Saturday, October 31, 2009

Practical applications

Deanna made me pinpoint exactly what I don't like about school. The formalized structure. As I work through my courses I'm grateful community college lets me cut to the chase. A four year degree would be more profitable, but I don't see the point.

Education is a journey, a lust and a passion. I want to know why and how. The other day, one of the divas over on RD talked about her creative writing class. Her professor gave the class an assignment and the class decided to write a sex scene.

It made her uncomfortable and made me think. Why did the class decide on the assignment? Where was the teacher? How qualified was the teacher anyway, or was it a retread of the "hero's journey", a bunch of archetypes and writing prompts?

Was there an explanation--how and why writing a sex scene out of context would improve your writing?

After the dust settled, the teacher gave the woman a chance to opt out and she said it was no longer an issue because it'd been resolved, but I'd have been right there with "why?" Why are you teaching this? What practical application does it have? Why are you using "this" technique over that technique and why am I paying money so you can hand me a textbook of non-specific exercises designed by committee?

It's like crit-groups. Everyone thinks you should have one. But according to the RWA lectures, most of the big-names don't. And every time I listen to the agent lectures, at least one agent on every panel will mention the book that came out of nowhere. No crit-group, no RWA background--nothing. Just a writer learning the craft and writing.

It depends, I think. On what you want to do.

You can learn technique and craft with others, but writing is a solo act. In every group, school/university/whatever there will be people who can't see over the horizon of their mediocrity. They're the same people who used to lock writers up for hearing voices, and still classify us outside the norm.

They form committees and make writing safe for the masses, they create curricula. They create make-work that creates "stuff" without implementing the systems to create thinkers.

Who decided what is "right" thinking and "wrong" thinking? If you take a person and a stick of butter, why is making toast the right answer, and (insert something sexual here) the wrong answer?

So...give me all the information, let me think about it, marvel and wonder. And have the freedom to interpret it in my own way without being at a one-remove. Because I have things to do and places to go. The horizon is just a starting point.

3 comments:

Alice Audrey said...

This morning I dreamed I was teaching a writing course. I told everyone to get out their text books - a stack of novels from a variety of genres. I made the students mark them up with highlighter. They had to turn in their highlighted books as part of an assignment.

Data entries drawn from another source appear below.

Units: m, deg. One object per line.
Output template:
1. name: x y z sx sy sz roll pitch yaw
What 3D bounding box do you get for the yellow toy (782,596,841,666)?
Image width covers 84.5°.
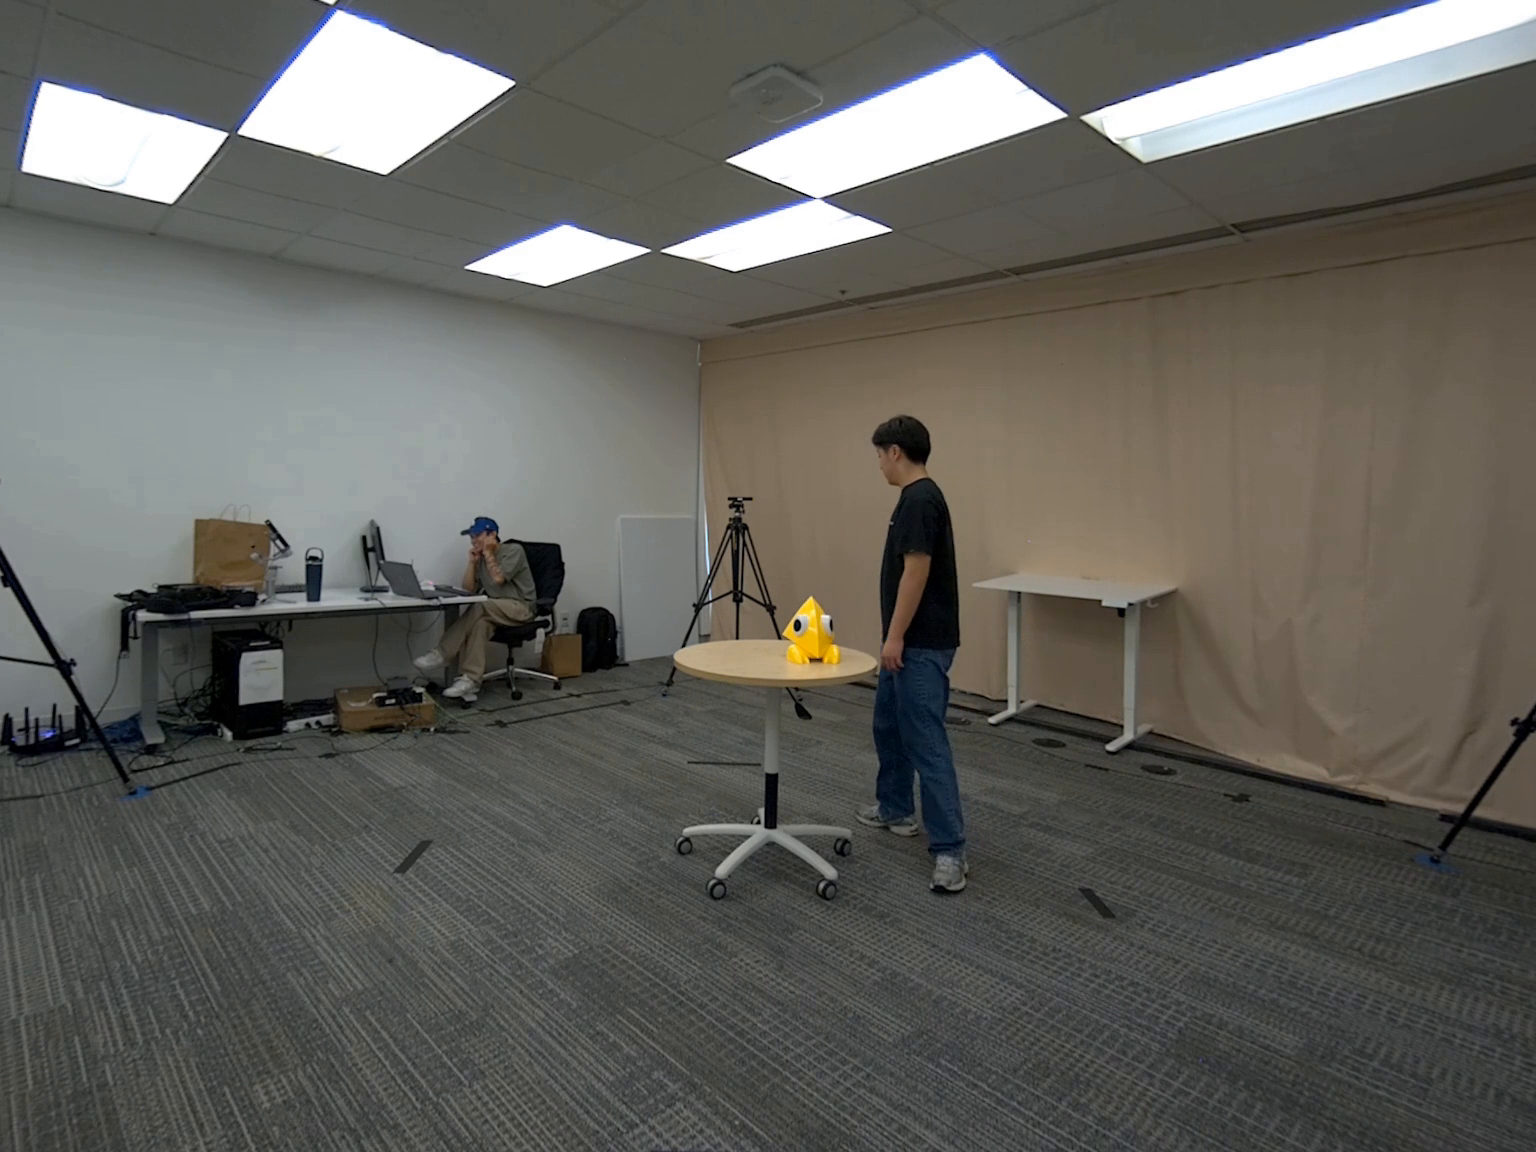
1. yellow toy: 0.162 0.199 3.154 0.203 0.230 0.194 1 3 -7

The absolute best place to learn how to write is to read with open eyes.

deanna said...

Wow...
there will be people who can't see over the horizon of their mediocrity...
Always.
Such good stuff. It's so encouraging, here in my little room, with the horizon stretching far. Thanks. And I like Alice's comment. I'm off to read some more with open eyes.

Unknown said...

definitely, Alice. :)

You have far horizons, Deanna. I wish mine were are far-reaching. I'm still trying.